L’ambiance sonore de Richard Chartier, Variable Dimensions (2020) ajoute à cette dimension de plongée dans l’inconnu, tout comme l’obscurité du Teatro alle Tese de l’Arsenale de Venise troué par les lumières pâles de Thomas Zamolo qui s’avèrent être le film d’une danseuse invisible. Ses bras, ses mains, sa gestuelle faite d’envolées et de torsades, font surgir autant de fantômes qu’ils suscitent notre imaginaire laissant affleurer notre inconscient comme des bulles remontant des profondeurs. Mais soudain, la danseuse Louise Dahl apparaît. Se déplaçant dans ce dédale, son corps multiplié sur les convexités des murs écrans, elle subjugue par sa danse à la fois évanescente et d’une force peu commune. Une sorte de forme émergente de virtuosité physique. Comment parvient-elle à être fantasme et terrienne, à se confondre avec son image tout en s’en détachant radicalement ? Humaine et non humaine ? Tel est le mystère que Cristina Caprioli maîtrise et surtout arrive à nous faire partager dans cette installation esthétique très en phase avec le thème de cette 18e Biennale de danse de Venise.

Flat Haze est tout aussi surprenant et intelligemment pensé.
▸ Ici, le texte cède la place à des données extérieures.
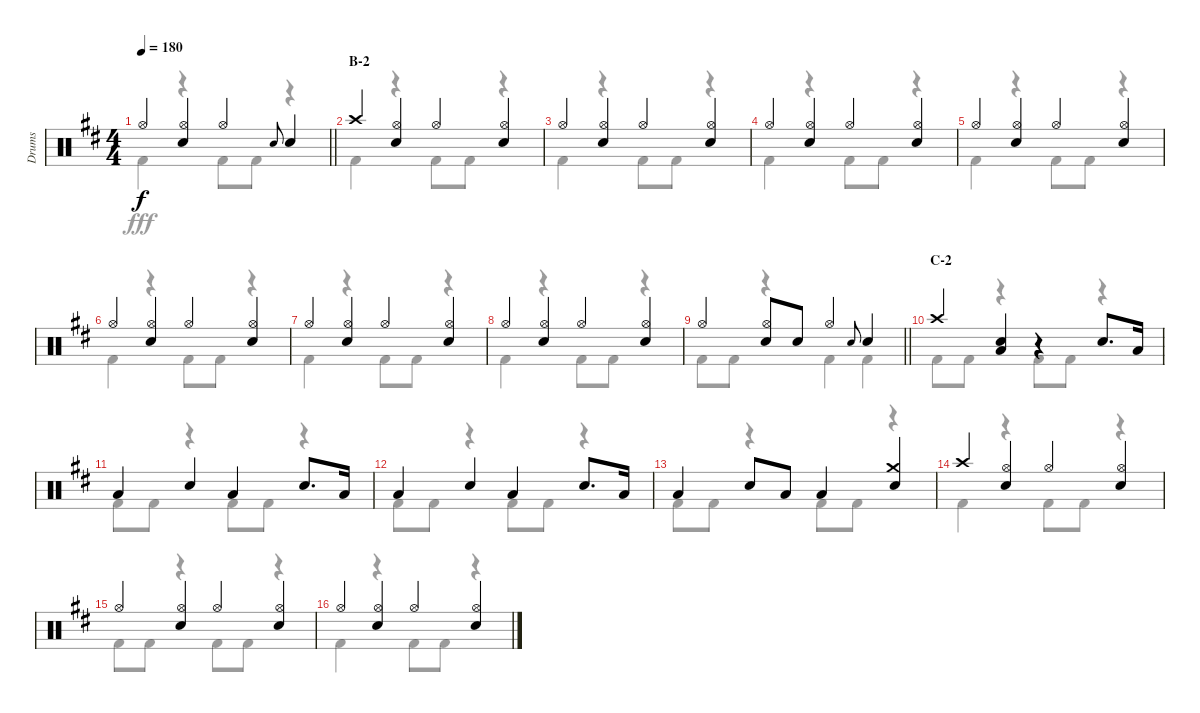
\track ("Drums" "Drums") {instrument percussion}
\staff {score}
\articulation defaults
\voice
\ts (4 4)
\tempo 180
\clef neutral
\barLineRight lightlight
\ks d "Hi-Hat (open)".4{dy f}
("Hi-Hat (open)" "Snare (hit) 2").4 "Hi-Hat (open)".4 "Snare (hit) 2".8{gr onbeat} "Snare (hit) 2".4 |
\section ("" "B-2")
"Crash high (hit)".4 ("Hi-Hat (open)" "Snare (hit) 2").4 "Hi-Hat (open)".4 ("Hi-Hat (open)" "Snare (hit) 2").4 |
"Hi-Hat (open)".4 ("Hi-Hat (open)" "Snare (hit) 2").4 "Hi-Hat (open)".4 ("Hi-Hat (open)" "Snare (hit) 2").4 |
"Hi-Hat (open)".4 ("Hi-Hat (open)" "Snare (hit) 2").4 "Hi-Hat (open)".4 ("Hi-Hat (open)" "Snare (hit) 2").4 |
"Hi-Hat (open)".4 ("Hi-Hat (open)" "Snare (hit) 2").4 "Hi-Hat (open)".4 ("Hi-Hat (open)" "Snare (hit) 2").4 |
"Hi-Hat (open)".4 ("Hi-Hat (open)" "Snare (hit) 2").4 "Hi-Hat (open)".4 ("Hi-Hat (open)" "Snare (hit) 2").4 |
"Hi-Hat (open)".4 ("Hi-Hat (open)" "Snare (hit) 2").4 "Hi-Hat (open)".4 ("Hi-Hat (open)" "Snare (hit) 2").4 |
"Hi-Hat (open)".4 ("Hi-Hat (open)" "Snare (hit) 2").4 "Hi-Hat (open)".4 ("Hi-Hat (open)" "Snare (hit) 2").4 |
\barLineRight lightlight "Hi-Hat (open)".4
("Hi-Hat (open)" "Snare (hit) 2").8 "Snare (hit) 2".8 "Hi-Hat (open)".4 "Snare (hit) 2".8{gr onbeat} "Snare (hit) 2".4 |
\section ("" "C-2")
"Crash high (hit)".4 ("Snare (hit) 2" "Low Tom (hit)").4 r.4 "Snare (hit) 2".8{d} "Low Tom (hit)".16 |
"Low Tom (hit)".4 "Snare (hit) 2".4 "Low Tom (hit)".4 "Snare (hit) 2".8{d} "Low Tom (hit)".16 |
"Low Tom (hit)".4 "Snare (hit) 2".4 "Low Tom (hit)".4 "Snare (hit) 2".8{d} "Low Tom (hit)".16 |
"Low Tom (hit)".4 "Snare (hit) 2".8 "Low Tom (hit)".8 "Low Tom (hit)".4 ("Crash medium (hit)" "Snare (hit) 2").4 |
"Crash high (hit)".4 ("Hi-Hat (open)" "Snare (hit) 2").4 "Hi-Hat (open)".4 ("Hi-Hat (open)" "Snare (hit) 2").4 |
"Hi-Hat (open)".4 ("Hi-Hat (open)" "Snare (hit) 2").4 "Hi-Hat (open)".4 ("Hi-Hat (open)" "Snare (hit) 2").4 |
"Hi-Hat (open)".4 ("Hi-Hat (open)" "Snare (hit) 2").4 "Hi-Hat (open)".4 ("Hi-Hat (open)" "Snare (hit) 2").4
\voice
\clef neutral
\ottava regular
\simile none
\barLineRight lightlight
\ks d "Kick (hit) 2".4{dy fff}
r.4 "Kick (hit) 2".8 "Kick (hit) 2".8 r.4 |
"Kick (hit) 2".4 r.4 "Kick (hit) 2".8 "Kick (hit) 2".8 r.4 |
"Kick (hit) 2".4 r.4 "Kick (hit) 2".8 "Kick (hit) 2".8 r.4 |
"Kick (hit) 2".4 r.4 "Kick (hit) 2".8 "Kick (hit) 2".8 r.4 |
"Kick (hit) 2".4 r.4 "Kick (hit) 2".8 "Kick (hit) 2".8 r.4 |
"Kick (hit) 2".4 r.4 "Kick (hit) 2".8 "Kick (hit) 2".8 r.4 |
"Kick (hit) 2".4 r.4 "Kick (hit) 2".8 "Kick (hit) 2".8 r.4 |
"Kick (hit) 2".4 r.4 "Kick (hit) 2".8 "Kick (hit) 2".8 r.4 |
\barLineRight lightlight "Kick (hit) 2".8 "Kick (hit) 2".8
r.4 "Kick (hit) 2".4 "Kick (hit) 2".4 |
"Kick (hit) 2".8 "Kick (hit) 2".8 r.4 "Kick (hit) 2".8 "Kick (hit) 2".8 r.4 |
"Kick (hit) 2".8 "Kick (hit) 2".8 r.4 "Kick (hit) 2".8 "Kick (hit) 2".8 r.4 |
"Kick (hit) 2".8 "Kick (hit) 2".8 r.4 "Kick (hit) 2".8 "Kick (hit) 2".8 r.4 |
"Kick (hit) 2".8 "Kick (hit) 2".8 r.4 "Kick (hit) 2".8 "Kick (hit) 2".8 r.4 |
"Kick (hit) 2".4 r.4 "Kick (hit) 2".8 "Kick (hit) 2".8 r.4 |
"Kick (hit) 2".8 "Kick (hit) 2".8 r.4 "Kick (hit) 2".8 "Kick (hit) 2".8 r.4 |
"Kick (hit) 2".4 r.4 "Kick (hit) 2".8 "Kick (hit) 2".8 r.4

Au début, en entrant dans la Sala d’Armi de l’Arsenale, on ne perçoit que l’installation qui définit un espace résolument horizontal par des fils de pêche tendus assez bas qui forment donc ce Flat Haze, cette « brume plate » qui dans un premier temps crée une vibration oculaire qui a tendance à faire disparaître, voire à obscurcir la vision. Peu à peu, l’œil découvre deux interprètes, Annika Hyvärinen et Oskar Landström, qui émergent de cette étrange œuvre plastique, qui fait tout autant penser à un monde aseptisé qu’à un code barre ou un no man’s land où tout est possible.
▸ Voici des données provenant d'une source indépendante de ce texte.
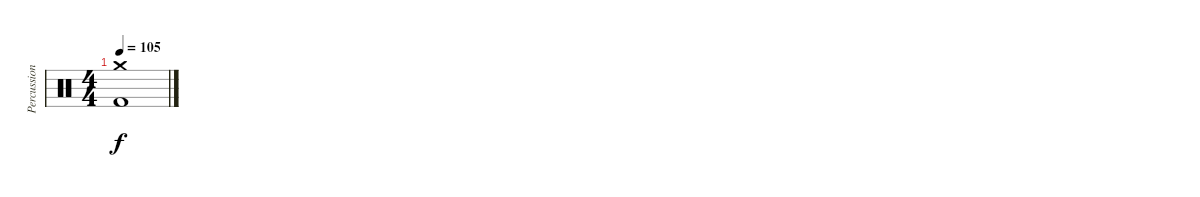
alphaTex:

\track ("Percussion" "Percussion") {instrument percussion}
\staff {score}
\articulation defaults
\ts (4 4)
\tempo 105
\clef neutral
\ks c
("Crash medium (hit)" "Kick (hit) 2").1{dy f}

Galerie photo : Andrea Avezzu'
 

Ils dansent dans, dessous, entre ces fils de nylon créant une sorte de confusion visuelle entre leurs corps et cet environnement, qui entrave le mouvement et libère l’imagination dans cette observation parcellaire et vacillante du mouvement qui semble se perdre dans une autre dimension. C’est aussi déconcertant qu’hypnotisant et apaisant. La performance, découpée en huit séquences, dure huit à neuf heures. Chaque heure, une chorégraphie différente est exécutée, totalisant une série de neuf images.

Le public est libre de rester une minute ou toute la journée. Une chorégraphe à découvrir en France !

Agnès Izrine

Les 24 et 25 juillet 2024, Biennale de Danse de Venise, Biennale Danza di Venezia, L’Arsenale, Teatro alle Tese et Sala d’Armi.